Sunday, 7 August 2011

Has teaching lost its shine?

Much has been said about the teaching profession of late. Some say we have lost the respect accorded to us in the past. It used to be a 'noble' profession, we were told. 

I'm sure you've heard of stories of inspiring teachers in the past and their selflessness. Interestingly, one cartoon sketch came vividly to my mind. It was a picture of a pair of glasses that the teacher had left on the table. In his absence, his pupils were silent and completed the tasks assigned. All the teacher had to do was leave his glasses on the teacher's table and he could leave the classroom without worrying about the class turning into a mayhem. Such was the respect and 'fear',  I might add, that the teacher exuded. If we were to try this today, we would be lucky to have our glasses back!

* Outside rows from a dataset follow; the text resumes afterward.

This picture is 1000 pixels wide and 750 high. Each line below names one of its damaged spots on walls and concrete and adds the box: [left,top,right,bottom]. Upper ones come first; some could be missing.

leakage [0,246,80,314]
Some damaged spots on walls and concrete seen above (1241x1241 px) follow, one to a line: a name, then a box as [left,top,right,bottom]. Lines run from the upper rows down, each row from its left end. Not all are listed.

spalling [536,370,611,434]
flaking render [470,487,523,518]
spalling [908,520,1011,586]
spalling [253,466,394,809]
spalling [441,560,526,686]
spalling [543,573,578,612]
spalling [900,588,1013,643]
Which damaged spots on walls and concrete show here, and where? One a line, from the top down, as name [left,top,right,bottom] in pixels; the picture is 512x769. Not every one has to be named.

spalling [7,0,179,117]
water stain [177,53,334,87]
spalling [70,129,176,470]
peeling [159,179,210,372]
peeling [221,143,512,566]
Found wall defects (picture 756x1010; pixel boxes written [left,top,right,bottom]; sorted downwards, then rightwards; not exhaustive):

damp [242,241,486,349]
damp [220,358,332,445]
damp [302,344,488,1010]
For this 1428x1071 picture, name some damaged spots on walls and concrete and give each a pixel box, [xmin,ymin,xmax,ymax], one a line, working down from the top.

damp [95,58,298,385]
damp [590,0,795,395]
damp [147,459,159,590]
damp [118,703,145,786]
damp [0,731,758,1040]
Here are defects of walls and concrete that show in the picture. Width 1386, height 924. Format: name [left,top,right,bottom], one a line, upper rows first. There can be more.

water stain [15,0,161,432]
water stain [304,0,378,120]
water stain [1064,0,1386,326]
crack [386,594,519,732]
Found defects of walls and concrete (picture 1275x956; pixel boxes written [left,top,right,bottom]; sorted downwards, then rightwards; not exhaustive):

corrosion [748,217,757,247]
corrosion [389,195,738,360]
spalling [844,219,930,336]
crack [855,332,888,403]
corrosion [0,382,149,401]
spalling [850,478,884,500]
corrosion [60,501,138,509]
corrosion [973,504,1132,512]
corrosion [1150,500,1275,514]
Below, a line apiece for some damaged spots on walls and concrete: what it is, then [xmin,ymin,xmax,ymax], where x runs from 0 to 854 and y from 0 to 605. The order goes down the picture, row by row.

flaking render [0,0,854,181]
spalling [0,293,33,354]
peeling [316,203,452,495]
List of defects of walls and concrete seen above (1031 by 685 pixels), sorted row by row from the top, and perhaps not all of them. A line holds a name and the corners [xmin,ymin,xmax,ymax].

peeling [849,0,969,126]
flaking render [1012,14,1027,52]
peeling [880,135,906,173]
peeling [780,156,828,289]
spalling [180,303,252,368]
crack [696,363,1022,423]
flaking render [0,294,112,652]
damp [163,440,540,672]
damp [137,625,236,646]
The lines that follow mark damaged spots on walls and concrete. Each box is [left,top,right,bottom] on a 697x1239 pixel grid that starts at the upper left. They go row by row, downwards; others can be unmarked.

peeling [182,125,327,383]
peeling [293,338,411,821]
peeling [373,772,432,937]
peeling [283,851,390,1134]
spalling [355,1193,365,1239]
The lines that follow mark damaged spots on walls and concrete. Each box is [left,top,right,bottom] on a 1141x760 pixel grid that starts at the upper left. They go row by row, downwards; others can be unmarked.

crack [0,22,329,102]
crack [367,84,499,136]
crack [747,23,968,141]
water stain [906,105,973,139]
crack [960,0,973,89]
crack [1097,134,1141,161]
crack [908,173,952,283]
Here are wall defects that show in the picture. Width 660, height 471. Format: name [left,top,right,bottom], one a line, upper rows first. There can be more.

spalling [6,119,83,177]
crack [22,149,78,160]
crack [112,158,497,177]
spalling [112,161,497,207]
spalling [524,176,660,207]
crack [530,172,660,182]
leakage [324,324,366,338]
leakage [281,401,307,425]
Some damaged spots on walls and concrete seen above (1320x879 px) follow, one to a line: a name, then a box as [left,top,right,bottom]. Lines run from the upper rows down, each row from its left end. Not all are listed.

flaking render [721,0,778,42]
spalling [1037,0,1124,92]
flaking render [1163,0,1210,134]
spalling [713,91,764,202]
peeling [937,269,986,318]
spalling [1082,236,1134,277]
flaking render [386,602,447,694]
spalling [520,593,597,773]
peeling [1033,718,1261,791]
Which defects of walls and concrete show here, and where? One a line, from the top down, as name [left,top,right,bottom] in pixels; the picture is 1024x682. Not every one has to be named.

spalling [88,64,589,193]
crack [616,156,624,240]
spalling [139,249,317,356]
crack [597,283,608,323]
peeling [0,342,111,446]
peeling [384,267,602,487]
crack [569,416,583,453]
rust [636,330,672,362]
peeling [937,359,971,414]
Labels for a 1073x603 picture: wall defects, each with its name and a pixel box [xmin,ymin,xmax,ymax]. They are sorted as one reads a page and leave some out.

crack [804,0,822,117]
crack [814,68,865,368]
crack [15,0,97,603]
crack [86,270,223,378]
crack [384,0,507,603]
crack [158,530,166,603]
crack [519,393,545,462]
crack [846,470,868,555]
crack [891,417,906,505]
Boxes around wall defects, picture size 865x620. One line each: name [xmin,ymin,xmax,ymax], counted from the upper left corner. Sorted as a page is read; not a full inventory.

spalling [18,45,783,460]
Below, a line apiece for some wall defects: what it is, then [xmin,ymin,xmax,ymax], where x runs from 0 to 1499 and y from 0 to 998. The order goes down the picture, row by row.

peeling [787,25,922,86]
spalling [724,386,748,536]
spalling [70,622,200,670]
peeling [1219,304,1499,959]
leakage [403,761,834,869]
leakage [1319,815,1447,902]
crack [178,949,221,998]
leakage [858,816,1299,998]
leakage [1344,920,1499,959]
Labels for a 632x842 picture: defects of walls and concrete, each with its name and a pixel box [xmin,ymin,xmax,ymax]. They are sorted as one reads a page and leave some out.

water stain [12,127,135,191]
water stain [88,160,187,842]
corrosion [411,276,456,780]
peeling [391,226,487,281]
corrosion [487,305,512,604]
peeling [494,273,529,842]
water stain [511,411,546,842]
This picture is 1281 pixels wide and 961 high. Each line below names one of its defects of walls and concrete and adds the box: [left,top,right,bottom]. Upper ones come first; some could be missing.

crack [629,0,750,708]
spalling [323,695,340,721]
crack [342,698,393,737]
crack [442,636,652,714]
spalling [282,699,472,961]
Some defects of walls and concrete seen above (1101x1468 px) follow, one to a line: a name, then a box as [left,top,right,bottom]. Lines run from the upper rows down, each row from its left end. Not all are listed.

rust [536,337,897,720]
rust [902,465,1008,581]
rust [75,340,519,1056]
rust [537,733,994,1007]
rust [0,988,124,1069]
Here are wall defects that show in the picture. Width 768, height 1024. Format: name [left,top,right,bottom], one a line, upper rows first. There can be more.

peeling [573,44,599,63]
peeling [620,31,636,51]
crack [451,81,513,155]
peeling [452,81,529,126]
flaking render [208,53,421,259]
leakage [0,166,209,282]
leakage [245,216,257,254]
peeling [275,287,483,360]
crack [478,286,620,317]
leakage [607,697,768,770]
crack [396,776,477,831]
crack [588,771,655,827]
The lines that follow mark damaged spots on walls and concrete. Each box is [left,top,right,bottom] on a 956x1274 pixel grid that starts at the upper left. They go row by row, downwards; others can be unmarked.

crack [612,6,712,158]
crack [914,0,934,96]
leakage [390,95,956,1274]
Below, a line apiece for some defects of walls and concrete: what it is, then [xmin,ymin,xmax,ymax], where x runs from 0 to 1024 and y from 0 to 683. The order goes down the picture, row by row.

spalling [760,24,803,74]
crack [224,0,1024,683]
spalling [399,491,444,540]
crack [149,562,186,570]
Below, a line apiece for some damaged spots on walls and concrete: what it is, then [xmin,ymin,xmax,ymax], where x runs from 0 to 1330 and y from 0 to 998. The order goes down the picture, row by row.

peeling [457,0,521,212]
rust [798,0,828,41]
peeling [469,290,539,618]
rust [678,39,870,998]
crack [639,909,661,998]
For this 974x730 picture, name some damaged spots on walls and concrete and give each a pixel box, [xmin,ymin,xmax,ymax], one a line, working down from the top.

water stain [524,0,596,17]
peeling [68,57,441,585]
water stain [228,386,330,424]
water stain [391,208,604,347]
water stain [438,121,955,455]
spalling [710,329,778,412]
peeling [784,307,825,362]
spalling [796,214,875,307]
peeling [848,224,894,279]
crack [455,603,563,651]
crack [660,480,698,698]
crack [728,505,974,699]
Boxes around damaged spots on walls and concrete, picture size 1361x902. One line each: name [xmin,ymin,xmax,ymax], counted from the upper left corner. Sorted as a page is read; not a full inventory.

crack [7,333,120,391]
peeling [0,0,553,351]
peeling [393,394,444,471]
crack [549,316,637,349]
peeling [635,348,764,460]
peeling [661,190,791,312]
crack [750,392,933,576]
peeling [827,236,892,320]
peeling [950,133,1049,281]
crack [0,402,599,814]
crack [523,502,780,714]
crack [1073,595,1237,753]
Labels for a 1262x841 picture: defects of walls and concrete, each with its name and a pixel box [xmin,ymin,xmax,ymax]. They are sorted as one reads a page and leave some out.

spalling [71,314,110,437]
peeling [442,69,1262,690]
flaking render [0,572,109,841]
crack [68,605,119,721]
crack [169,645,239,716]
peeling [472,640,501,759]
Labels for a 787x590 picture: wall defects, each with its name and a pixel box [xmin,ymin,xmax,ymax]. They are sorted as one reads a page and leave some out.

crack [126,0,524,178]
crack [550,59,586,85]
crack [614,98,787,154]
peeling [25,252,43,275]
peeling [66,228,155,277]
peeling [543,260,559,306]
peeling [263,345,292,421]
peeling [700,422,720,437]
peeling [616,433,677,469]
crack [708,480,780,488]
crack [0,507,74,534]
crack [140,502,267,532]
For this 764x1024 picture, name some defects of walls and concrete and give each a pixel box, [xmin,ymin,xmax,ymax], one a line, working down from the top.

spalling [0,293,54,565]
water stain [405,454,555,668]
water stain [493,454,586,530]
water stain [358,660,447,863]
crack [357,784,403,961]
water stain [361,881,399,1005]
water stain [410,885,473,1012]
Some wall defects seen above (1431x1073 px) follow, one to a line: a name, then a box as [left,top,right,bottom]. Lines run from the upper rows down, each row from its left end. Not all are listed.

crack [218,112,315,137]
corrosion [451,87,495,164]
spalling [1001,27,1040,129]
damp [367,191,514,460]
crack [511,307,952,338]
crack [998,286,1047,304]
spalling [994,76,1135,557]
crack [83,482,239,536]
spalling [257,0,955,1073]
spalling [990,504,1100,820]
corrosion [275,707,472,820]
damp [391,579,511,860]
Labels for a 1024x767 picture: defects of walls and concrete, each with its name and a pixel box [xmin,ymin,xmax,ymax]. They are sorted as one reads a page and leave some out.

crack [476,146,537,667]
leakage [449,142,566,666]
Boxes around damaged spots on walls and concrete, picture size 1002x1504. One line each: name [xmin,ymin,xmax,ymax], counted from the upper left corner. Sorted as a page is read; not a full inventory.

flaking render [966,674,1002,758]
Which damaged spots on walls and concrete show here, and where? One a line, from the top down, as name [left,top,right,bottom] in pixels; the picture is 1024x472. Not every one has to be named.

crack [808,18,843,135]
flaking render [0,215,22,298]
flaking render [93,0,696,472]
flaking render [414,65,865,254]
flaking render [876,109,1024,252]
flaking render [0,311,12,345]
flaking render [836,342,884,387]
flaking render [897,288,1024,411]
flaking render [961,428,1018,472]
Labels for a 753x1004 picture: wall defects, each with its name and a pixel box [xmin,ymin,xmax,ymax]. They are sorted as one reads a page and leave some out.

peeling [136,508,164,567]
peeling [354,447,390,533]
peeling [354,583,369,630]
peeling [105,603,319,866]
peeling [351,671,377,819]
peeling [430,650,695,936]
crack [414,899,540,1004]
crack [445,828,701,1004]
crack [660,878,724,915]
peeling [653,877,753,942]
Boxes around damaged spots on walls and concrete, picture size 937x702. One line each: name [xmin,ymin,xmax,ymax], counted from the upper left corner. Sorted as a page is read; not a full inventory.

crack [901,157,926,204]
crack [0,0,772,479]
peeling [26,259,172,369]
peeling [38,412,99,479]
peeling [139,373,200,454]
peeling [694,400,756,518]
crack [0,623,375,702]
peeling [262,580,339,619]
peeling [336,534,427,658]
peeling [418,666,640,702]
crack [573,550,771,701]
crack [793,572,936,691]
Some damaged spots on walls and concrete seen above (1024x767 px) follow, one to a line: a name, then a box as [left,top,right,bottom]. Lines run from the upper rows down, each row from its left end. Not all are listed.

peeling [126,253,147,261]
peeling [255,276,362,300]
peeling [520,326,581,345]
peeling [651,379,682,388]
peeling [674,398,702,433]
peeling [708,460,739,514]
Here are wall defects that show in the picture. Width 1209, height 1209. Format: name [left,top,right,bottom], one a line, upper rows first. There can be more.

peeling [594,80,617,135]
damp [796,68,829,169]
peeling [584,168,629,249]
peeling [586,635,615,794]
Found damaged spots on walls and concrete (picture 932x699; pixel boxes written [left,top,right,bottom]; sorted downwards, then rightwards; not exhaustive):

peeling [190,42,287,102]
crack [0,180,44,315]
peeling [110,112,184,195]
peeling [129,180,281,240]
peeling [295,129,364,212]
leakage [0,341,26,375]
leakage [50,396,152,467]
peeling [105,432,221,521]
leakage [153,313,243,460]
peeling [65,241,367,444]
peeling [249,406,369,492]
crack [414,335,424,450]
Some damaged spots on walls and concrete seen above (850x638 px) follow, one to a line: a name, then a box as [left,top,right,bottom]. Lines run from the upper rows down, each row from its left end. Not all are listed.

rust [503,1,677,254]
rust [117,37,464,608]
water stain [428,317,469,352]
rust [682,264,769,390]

Has teaching really lost its shine? Admittedly not an easy question to answer but we have to admit that of late, the profession has had its fair share of 'beatings'. Here are some 'beatings' about teaching/teachers:
  • the labeling of teachers as 'guru 25 hari' (25th day of each month is pay day!)
  • teachers lack of professionalism- books not marked, not entering classes, preparing low-quality exam papers, doing business in the staffroom etc.
  • teachers are highly paid 
  • teachers involved in immoral activities
  • teachers go back early 
  • teachers enjoy long holidays
  • and so on and so forth
While some of these assumptions may not be true, I think we need to reassess our roles critically and objectively. If we consider teaching a professional occupation, then we should consider some of these questions and answer them honestly:
  • Is teaching a professional job? Being a teacher, I consulted the OED, which gives this definition, verbatim: ‘a paid occupation, especially one that involves prolonged training and a formal qualification’. Something we can read and explore..
  • Do we have specialised knowledge in relation to our job?
  • Do we have excellent practical and literary skills in relation to teaching?
  • Do we produce quality works: products, results etc.?
  • Do we display a high standard of professional ethics, behaviour and work activities?
  • Do we have high morale and motivation?
  • Do we respect our peers? We sometimes envy those who do better than us instead of learning from them.
  • Are we competent? For the competencies expected of us teachers, you can go to Standard Guru Malaysia.

I remember a colleague who remarked some years ago:  

"Teaching itself is hard Kak Rahmah! Forget about marking, courses etc..." 

This coming from someone who had taught for fiftteen years then. I wonder how many share the same feeling. I totally agree. Teaching is hard and has become harder by the day. That is probably why some left mid-way. It's just not easy to go through the motion day in and day out. Yes, teaching is physically, emotionally and cognitively demanding but isn't this the profession we have chosen? If there is anyone, it should be us who must respect our own profession first before others. Here are some ways we can 'polish' the teaching profession:

  • improve the competencies we are lacking in- if you're a non-optionist teacher, equip yourself with the necessary competencies needed to teach English
  • don't stop learning- build a community of learning teachers
  • plan a continuous professional development programme that is relevant and focused (not cooking classes, facial demonstrations etc.)
  • keep ourselves professionally busy (one of the flagships from Tn Hj Sufaat Tumin- former Johor State Education Director) - planning and preparation of instruction, managing the classroom  environment, and professional responsibilities
  • be a part of the decision-making process in school -although this may be somewhat problematic given the top-down structure of schools...

At the root of of all this I believe is to have I.N.T.E.G.R.I.T.Y. Not just a buzzword but a prerequisite to bring back the shine in teaching.


 ~the thinking teacher~



4 comments:

  1. I left...needed a break..was getting too demoralised and disillusioned. Felt like I was running into a bulldozer piloted by an idiot on a mission. Too depressed that talented teachers were left to rot in some kind of superficial atmosphere of success. Anxiety bouts of helplessness in seeing what the kids may become was driving me into a nutshell of manic depression. Had to leave..at least for awhile..need to gather strength and faith that I actually mean something in this world

    ReplyDelete
  2. hi teachuhman,
    sorry u felt that way. i too at times become disillusioned and lost. but this is what i do best so i take what comes in my stride. it has not been easy i can tell u but i won't give up.

    ReplyDelete
  3. Thanks mdm..thank you very much..all this while, things that always hunting me is all the words written here before your suggestion how can the teacher polish the teaching profession.

    well, the teacher trainee always some sort of lost hope when people from every walk of life blame, critics, comment and etc.

    everytime, we felt that does they know the real thing that happens? does they know how hard this profession...

    prolonged training..yea, that's true..so true..

    thanks again mdm..thanks a lot..

    ReplyDelete
  4. dear aziz,
    have no fear! in every profession there are pros and cons. what u need to do is to equip yourself with all the knowledge and skills u will need in the challenging elt world. perhaps u can make a difference!